MATERIAL FOR THE TASK: Begin
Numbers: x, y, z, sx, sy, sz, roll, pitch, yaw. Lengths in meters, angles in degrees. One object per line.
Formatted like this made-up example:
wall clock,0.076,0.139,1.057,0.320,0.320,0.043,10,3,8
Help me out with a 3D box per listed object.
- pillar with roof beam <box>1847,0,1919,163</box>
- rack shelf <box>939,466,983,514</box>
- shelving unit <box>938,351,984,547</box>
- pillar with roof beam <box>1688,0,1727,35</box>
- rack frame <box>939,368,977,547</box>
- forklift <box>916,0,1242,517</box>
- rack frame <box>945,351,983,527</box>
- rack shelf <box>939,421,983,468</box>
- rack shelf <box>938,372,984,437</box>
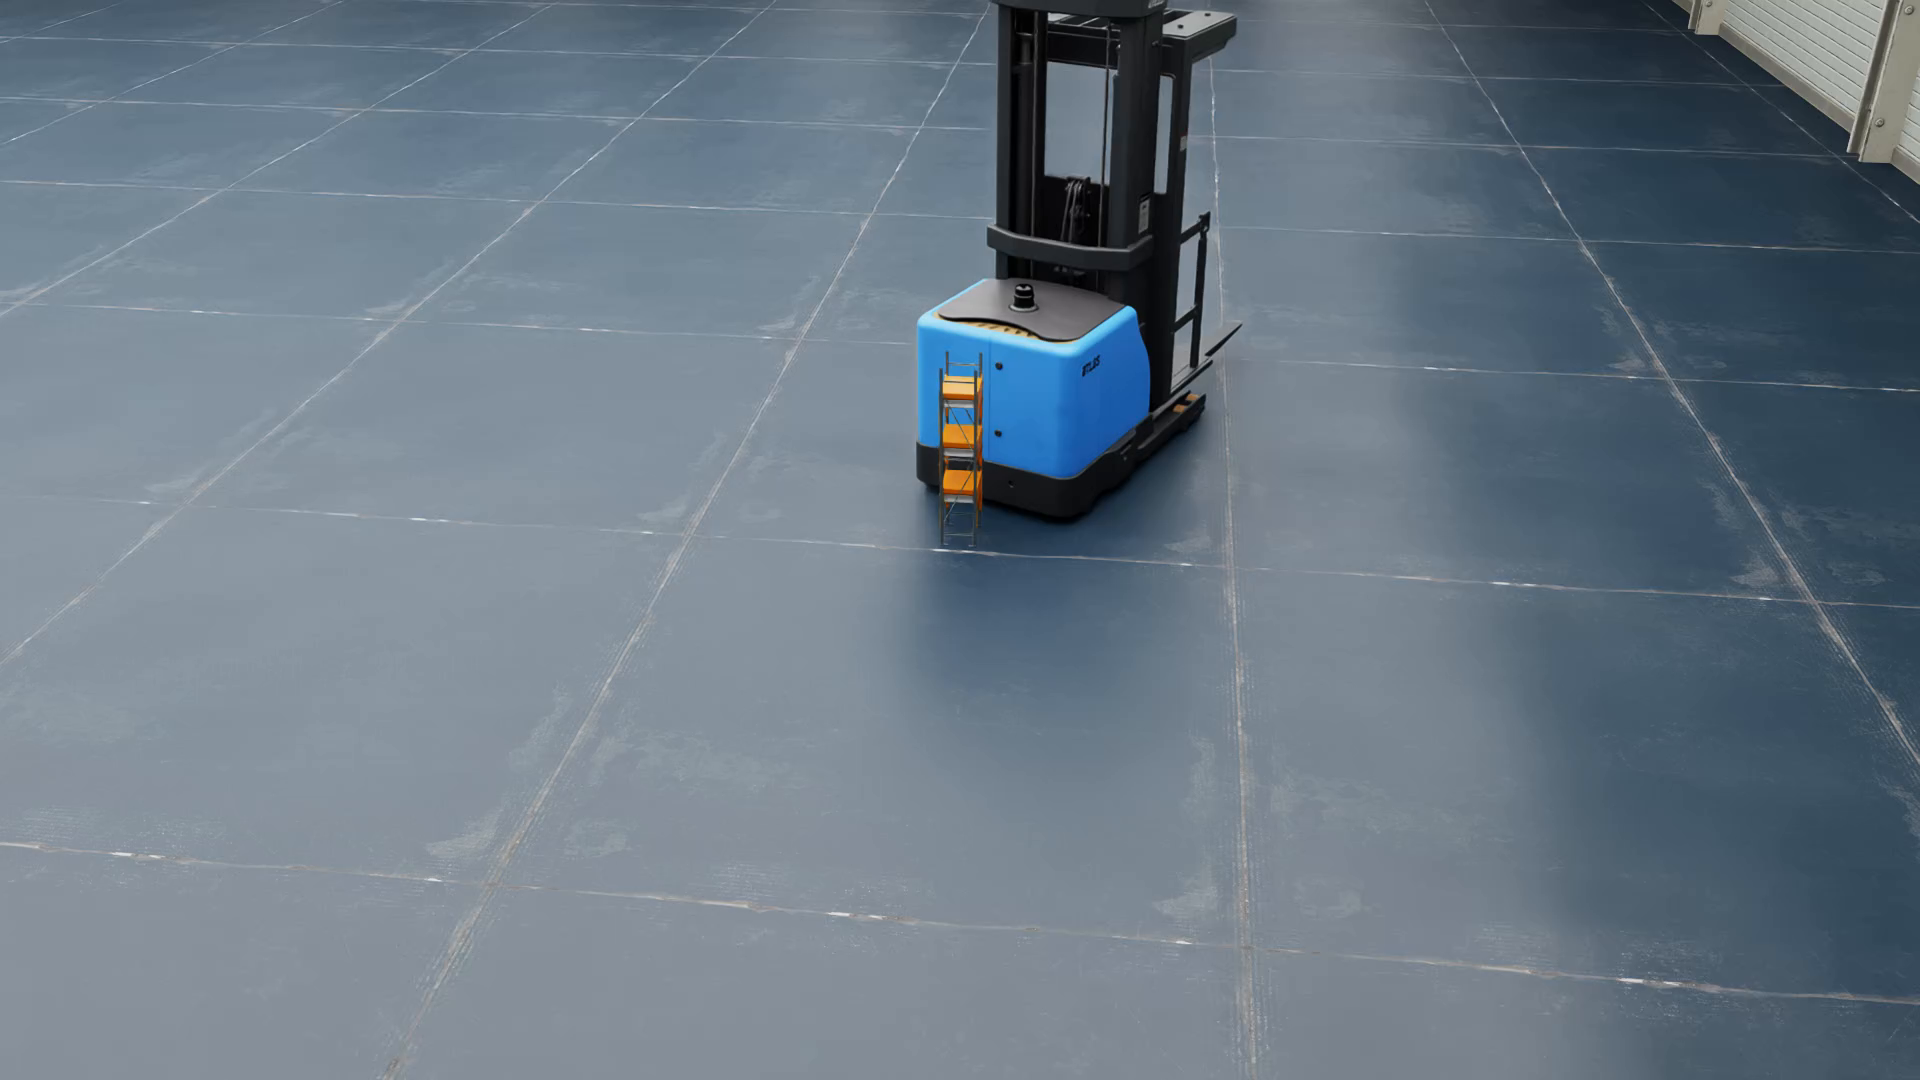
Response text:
pillar with roof beam,4.570,-7.934,14.489,9.100,9.000,0.400,3,28,6
rack shelf,0.007,-0.233,9.185,0.215,0.259,0.240,3,28,6
shelving unit,0.007,-0.487,9.048,0.215,1.050,0.252,3,28,6
pillar with roof beam,5.305,-10.758,19.732,9.100,9.000,0.400,3,28,6
rack frame,-0.008,-0.430,8.941,0.200,1.050,0.008,3,28,6
forklift,0.922,-2.081,10.023,1.130,2.935,3.031,15,32,26
rack frame,0.022,-0.545,9.154,0.200,1.050,0.008,3,28,6
rack shelf,0.007,-0.478,9.053,0.215,0.259,0.240,3,28,6
rack shelf,0.007,-0.728,8.918,0.215,0.259,0.240,3,28,6
MATERIAL FOR THE TASK: End
## EXERCISE DIRECTIONS
Work through the listing above and report how many lines include the string "object", with no other text.

## WRITTEN RESPONSE
2